For a mixed model, the random effects output is relative to the fixed effect
To calculate individual selection coefficients = Fixed Effect + Random Effect
4.5.2 Std. Error/CIs
Check the fixed and random effect standard errors to see if they are really large or NAs.
For example, note the NAs in the example model using land cover. In the summary, at the bottom under “Conditional model”.
summary(tar_read(model_lc))
## Family: poisson ( log )
## Formula:
## case_ ~ -1 + I(log(sl_)) + I(log(sl_)):lc_adj + lc_adj + I(log(dist_to_water +
## 1)) + I(log(dist_to_water + 1)):I(log(sl_)) + (1 | indiv_step_id) +
## (0 + I(log(sl_)) | id) + (0 + I(log(sl_)):lc_adj | id) +
## (0 + lc_adj | id) + (0 + I(log(dist_to_water + 1)) | id) +
## (0 + I(log(dist_to_water + 1)):I(log(sl_)) | id)
## Data: DT
##
## AIC BIC logLik deviance df.resid
## NA NA NA NA 26488
##
## Random effects:
##
## Conditional model:
## Groups Name Variance Std.Dev.
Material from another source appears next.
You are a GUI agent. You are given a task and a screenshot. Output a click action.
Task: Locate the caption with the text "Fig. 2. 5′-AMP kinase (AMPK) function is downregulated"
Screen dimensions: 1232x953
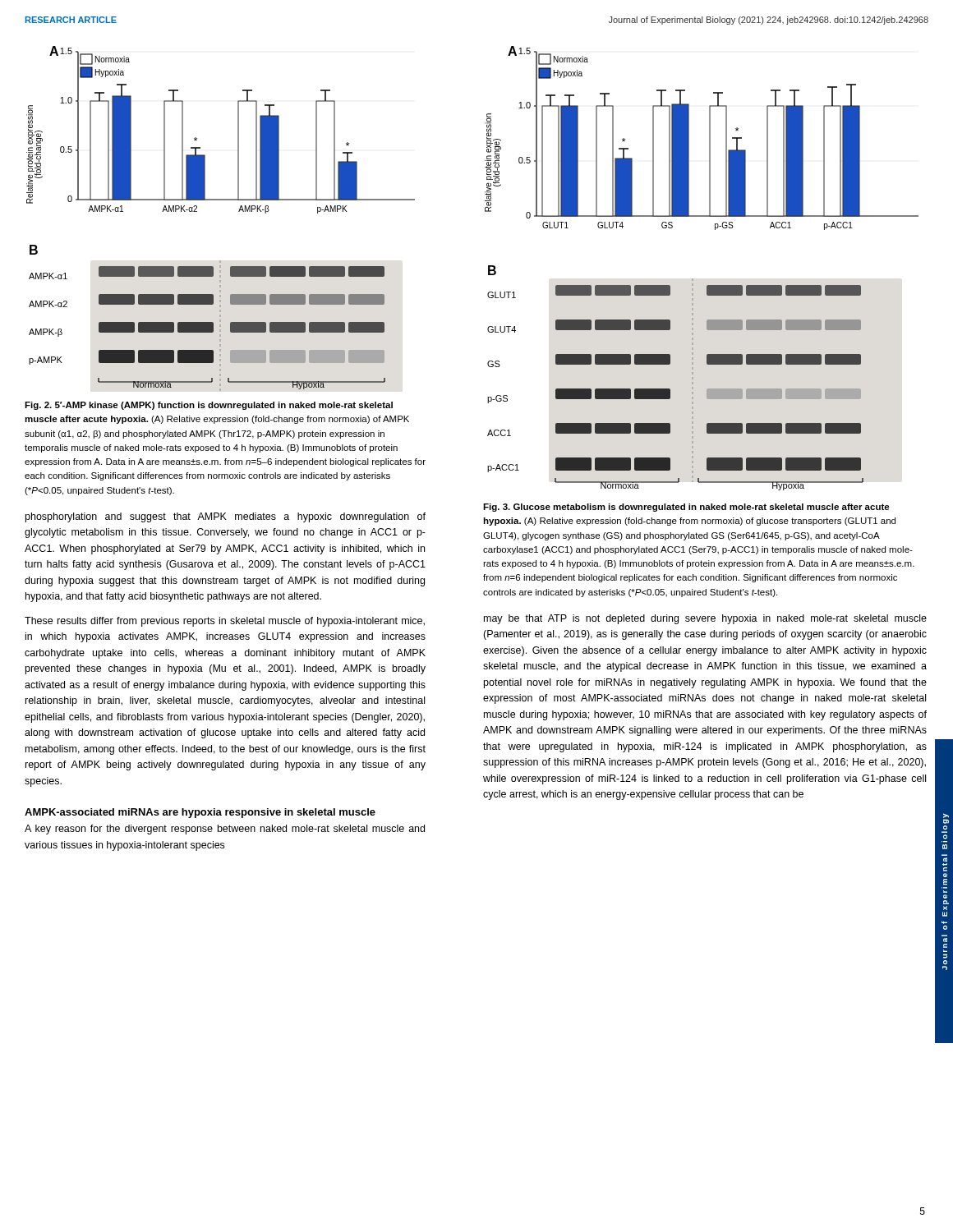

Corr
## indiv_step_id (Intercept) 1.00e+06 1.00e+03
## id I(log(sl_)) 1.87e-90 1.37e-45
## id.1 I(log(sl_)):lc_adjdisturbed 1.08e-02 1.04e-01
## I(log(sl_)):lc_adjforest 2.05e-03 4.52e-02 -1.00
## I(log(sl_)):lc_adjopen 1.08e-01 3.28e-01 1.00
## I(log(sl_)):lc_adjwetlands 2.05e-03 4.53e-02 -1.00
## id.2 lc_adjdisturbed 4.42e-01 6.64e-01
## lc_adjforest 3.32e-02 1.82e-01 -1.00
## lc_adjopen 4.42e+00 2.10e+00 1.00
## lc_adjwetlands 2.38e-26 1.54e-13 -0.27
## id.3 I(log(dist_to_water + 1)) 1.34e-02 1.16e-01
## id.4 I(log(dist_to_water + 1)):I(log(sl_)) 5.26e-90 2.29e-45
##
##
##
##
##
## -1.00
## 1.00 -1.00
##
##
## -1.00
## 0.30 -0.28
##
##
## Number of obs: 26521, groups: indiv_step_id, 2411; id, 6
##
## Conditional model:
## Estimate Std. Error z value Pr(>|z|)
## I(log(sl_)) -0.13107 NaN NaN NaN
## lc_adjdisturbed -3.74565 NaN NaN NaN
## lc_adjforest -3.42646 NaN NaN NaN
## lc_adjopen -5.94910 NaN NaN NaN
## lc_adjwetlands -3.67823 NaN NaN NaN
## I(log(dist_to_water + 1)) -0.03581 NaN NaN NaN
## I(log(sl_)):lc_adjforest 0.23726 NaN NaN NaN
## I(log(sl_)):lc_adjopen 0.29305 NaN NaN NaN
## I(log(sl_)):lc_adjwetlands 0.28385 NaN NaN NaN
## I(log(sl_)):I(log(dist_to_water + 1)) 0.00072 NaN NaN NaN
4.5.3 Troubleshooting
We have had success troubleshooting by putting the error in google and looking
for it as a github issue with the package or lme4
since they’re built more or
less the same. Bolker has lots of hidden tips and tricks in there. Ben Bolker is
also very responsive.
https://cran.r-project.org/web/packages/glmmTMB/vignettes/troubleshooting.html
Use set.seed()
to get the same model output, check that the output does not vary greatly with different seeds or when it is not set.
Be conservative in “trusting” the model. Don’t accept models with any NAs in the response.
Unlike with clogit
in amt
, for glmmTMB
simpler models do not always
improve convergence, but adding covariates with informative variation will
improve model performance and convergence.
We have found through trial and error that cos(TA) can make or break the model. These poisson models seem to like lots of data and a fair number of variables, but the optimizer is cranky. If you have too few, and they’re correlated/have high VIF, then you will get NAs.
Use the performance package and the check_model()
or model_performance()
commands
glmmTMB
gives the Model convergence problem; non-positive-definite Hessian
matrix error very liberally. Generally, you don’t have to worry about it unless
you have other errors with it.
EXERCISE: note of individuals or variables that are not converging or are on the extremes of response. Do they have different availability, fewer points, more NAs
# > plot coefficient by sample size – is there a relationship?